Article contributed by Soar Payments
U.S. businesses selling e-cigarettes and other vaping products online can expect to be hard hit by new rules governing the processing of credit card payments.
Many small businesses could face a difficult and potentially costly tangle of red tape – or even the loss of their existing credit card arrangement.
These are among the likely outcomes of the Food and Drug Administration (FDA) deeming regulations, which came into force this summer.
The FDA historically has regulated the sale of combustible cigarettes over the Internet, requiring that retailers take several steps to ensure that they cannot be purchased online by minors.
E-cigarettes, by contrast, were not until this year subject to FDA oversight, so an online retailer could simply obtain a merchant account and accept credit card payments in the same way as any other e-commerce business.
The new regulations, however, mean that both existing and new U.S. online vaping businesses are likely, over the next few months, to receive updated requirements from their credit card company that they will need to comply with – or a termination notice withdrawing their credit card facility.
Under the new requirements, for an online e-cigarette business to be able to accept credit cards it must:
- Properly age-verify all transactions for any e-cigarette or vaping related product.
- Register with Visa and Mastercard via the merchant’s credit card processor and pay an annual $1000 registration fee.
- Obtain an attorney’s letter stating that they are operating within existing applicable law sufficient to satisfy their credit card processor.
- Provide additional information, as requested by their credit card processor, to ensure they are operating within the new FDA regulations.
There are also additional unintended consequences of the new rules which an online e-cig retailer must deal with.
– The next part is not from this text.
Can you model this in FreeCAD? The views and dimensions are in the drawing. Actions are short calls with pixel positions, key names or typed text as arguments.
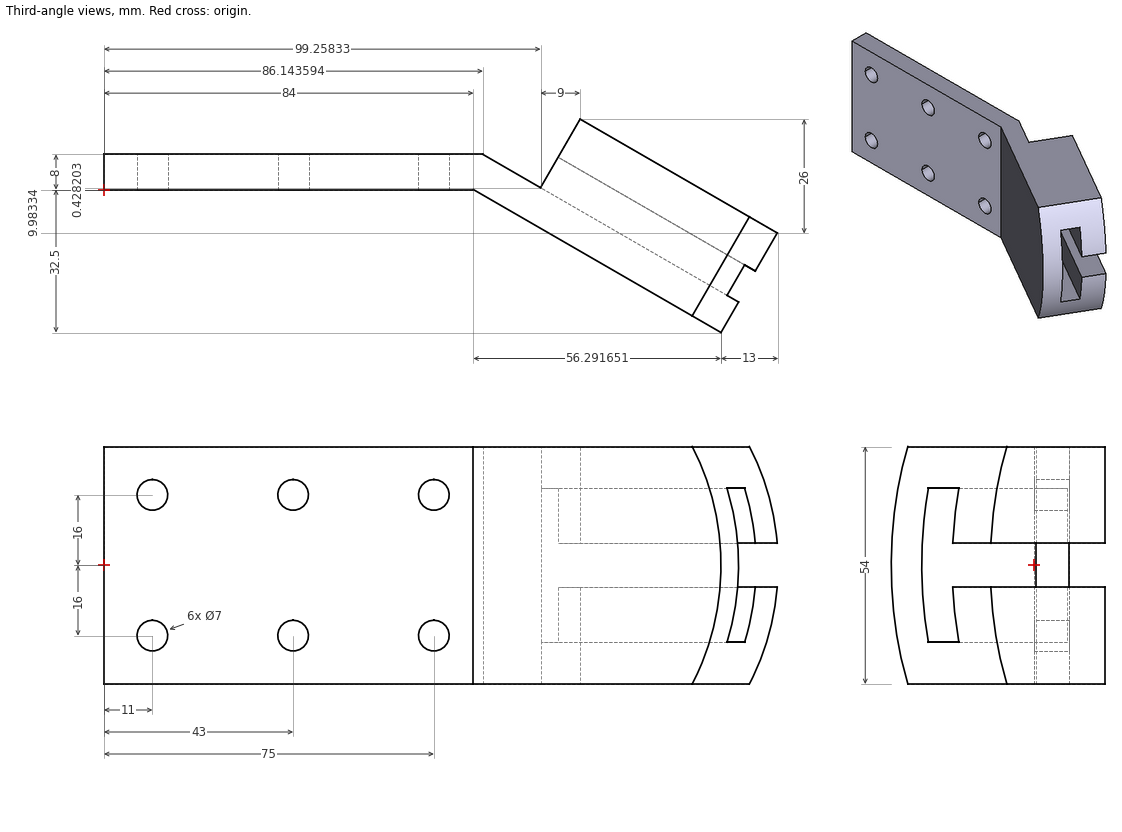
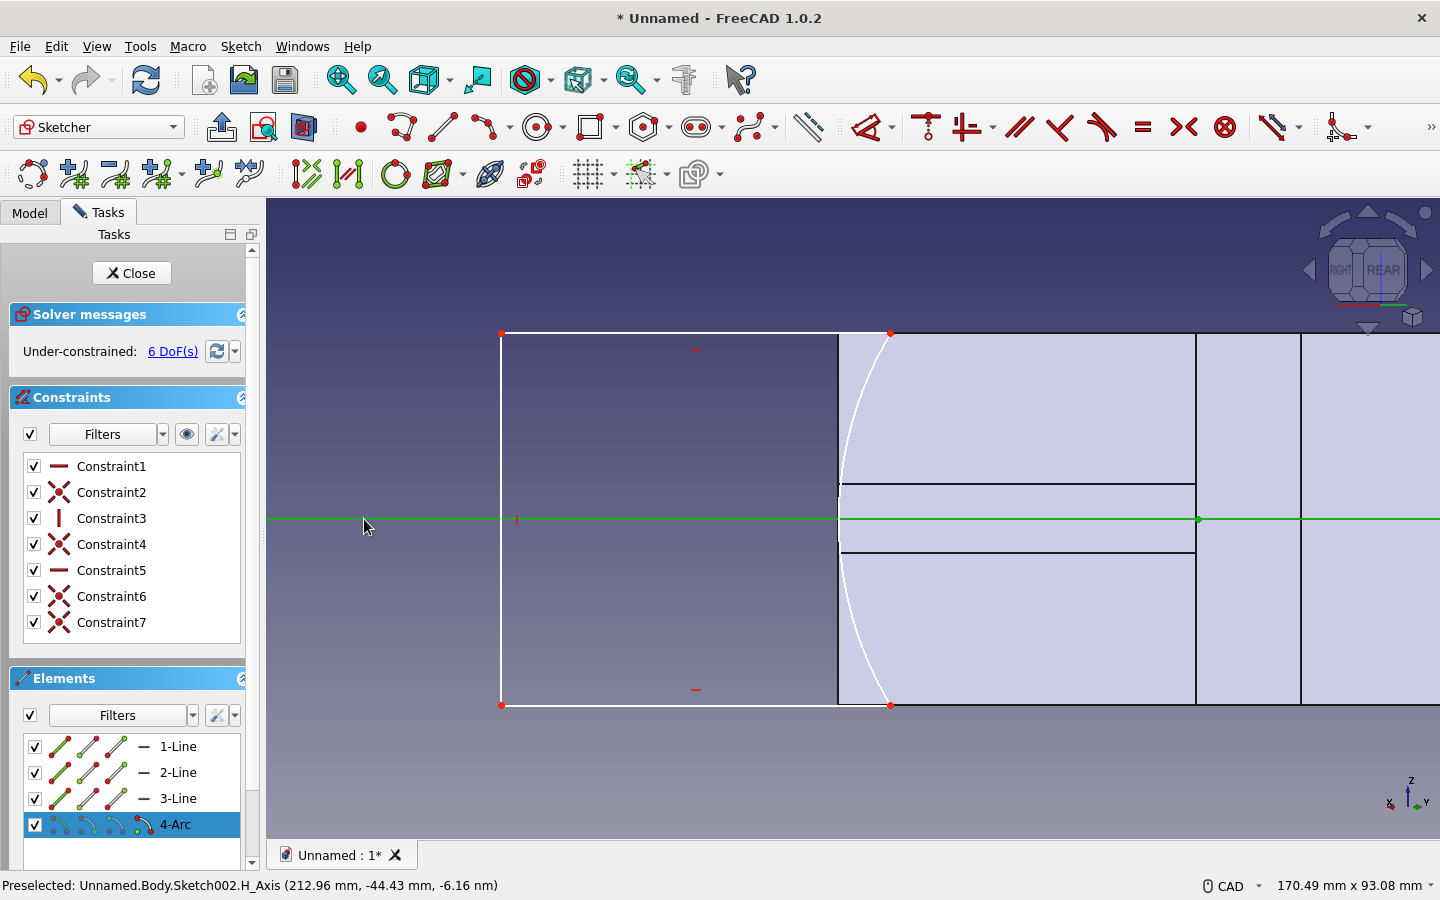
key(c)

First, they will have to find a credit card processor willing to take on their business. This may not be as easy as it sounds, because the burden of ensuring that the business is complying with all applicable laws lies with the business’s credit card processor, not with Visa and Mastercard themselves.
But credit card processing is a low-margin, high-volume business, and any additional regulatory and registration responsibility makes all but the largest online retailers unprofitable clients.
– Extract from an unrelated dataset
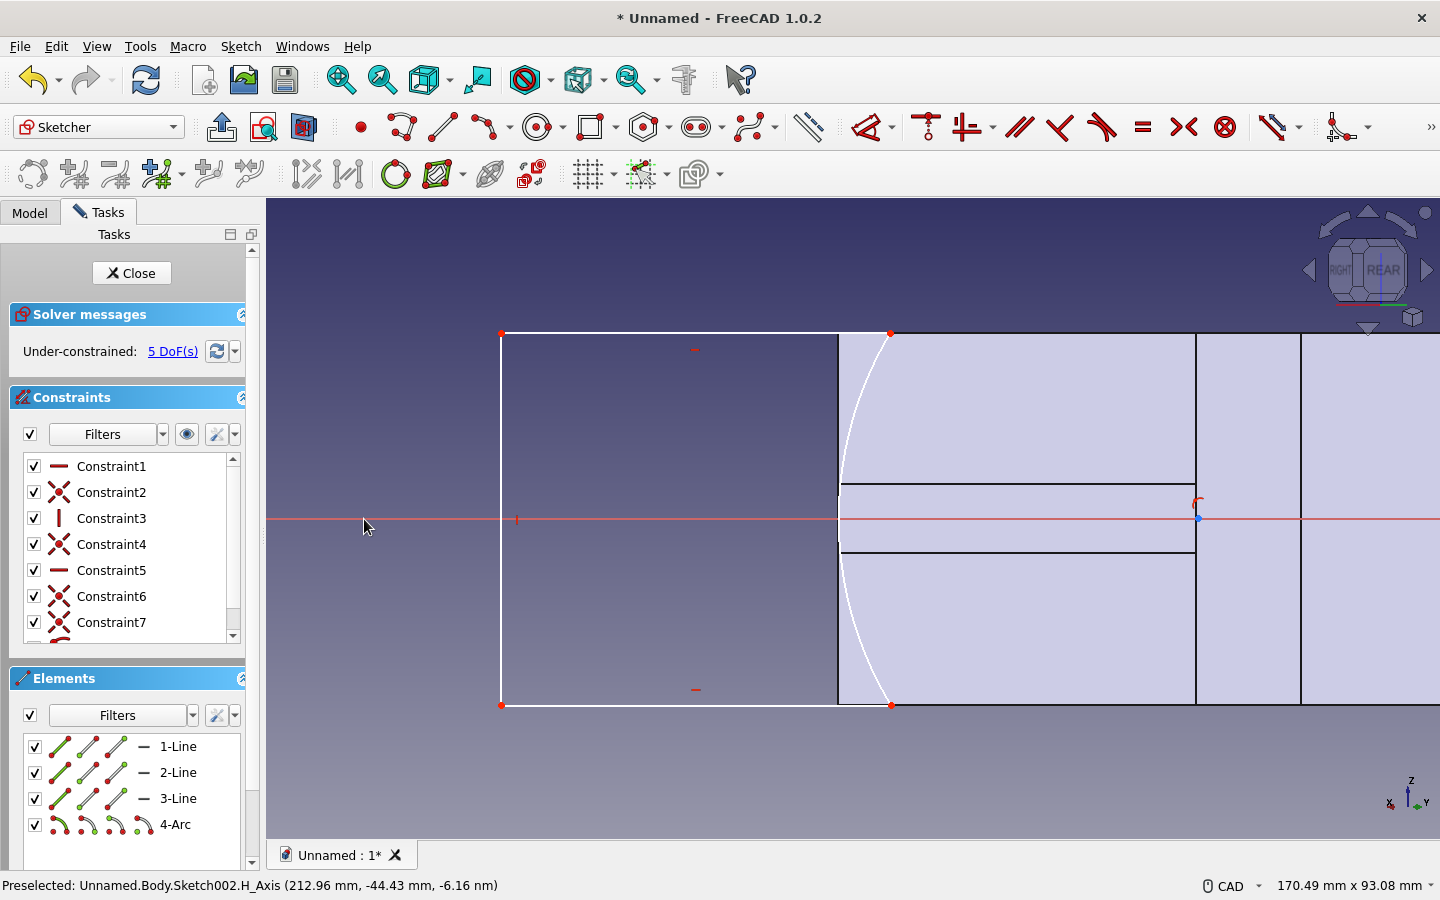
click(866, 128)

As a result, many processors will almost certainly no longer offer merchant accounts to e-cig retailers, and many will terminate existing accounts. The exceptions will be a limited number of high-risk credit card processors who charge higher fees, and can do so as a result of decreased competition. This in turn will mean lower margins or higher prices for online retailers.
Credit card processors are also beginning to add additional underwriting requirements – such as requesting previous business tax returns, a letter by a qualified attorney stating that the company is complying with all applicable laws, a demonstrably functioning age-verification check, a secured Website, and so on – before a business can be accepted. These requirements lengthen the application process, sometimes by weeks, and discourage new entrants to the market.
Some high-risk credit card processors appear to be waiting to enact the stricter underwriting rules until legal challenges to the deeming regulations have been resolved. Online e-cig retailers may find it useful to consult with a high-risk merchant account provider that focuses on this area, such as Soar Payments, to discuss which processors are available during this transitional period.
Other payment options
The new credit card processing rules do not leave e-cig and vape retailers entirely without e-commerce options. Those alternatives, however, each have limitations.
eChecks are simply a payment method by which a customer can enter their bank account and create an “e-commerce check” which clears within 24 hours via the Automated Clearing House (ACH) network.
Many online businesses currently accept eChecks as an alternative payment option, primarily for customers without a credit card. The cost to the business of accepting payment in this form is also considerably lower because it excludes Visa and Mastercard and their associated costs from the transaction entirely.
The problem, in the vaping and e-cig context, is that eCheck processors also rely on U.S. bank sponsorship to process transactions, so the same FDA-initiated rules will eventually apply to eChecks as to credit cards.
PayPal offers a convenient method of making an online payment without the need for the purchaser to have a credit card. From the seller’s perspective, however, accepting PayPal payments will generally mean more – not fewer – requirements than a traditional credit card processor over the long term. That is because PayPal acts as the merchant and must comply with the Visa and Mastercard rules itself as well as bearing a financial risk for merchants.
PayPal will probably be seen by many small e-commerce vaping and e-cig startups as a quick fix for the problem posed by the new FDA rules. Unfortunately, after processing a few thousand dollars they will likely have their PayPal account shut down for having not complied with the Visa and Mastercard rules.
What This Means: A small e-cigarette business currently accepting credit card payments for e-commerce transactions might be tempted to gamble that the new rules will be overturned before their credit card processor begins to enforce them. But the more prudent approach is to start discussing how to comply.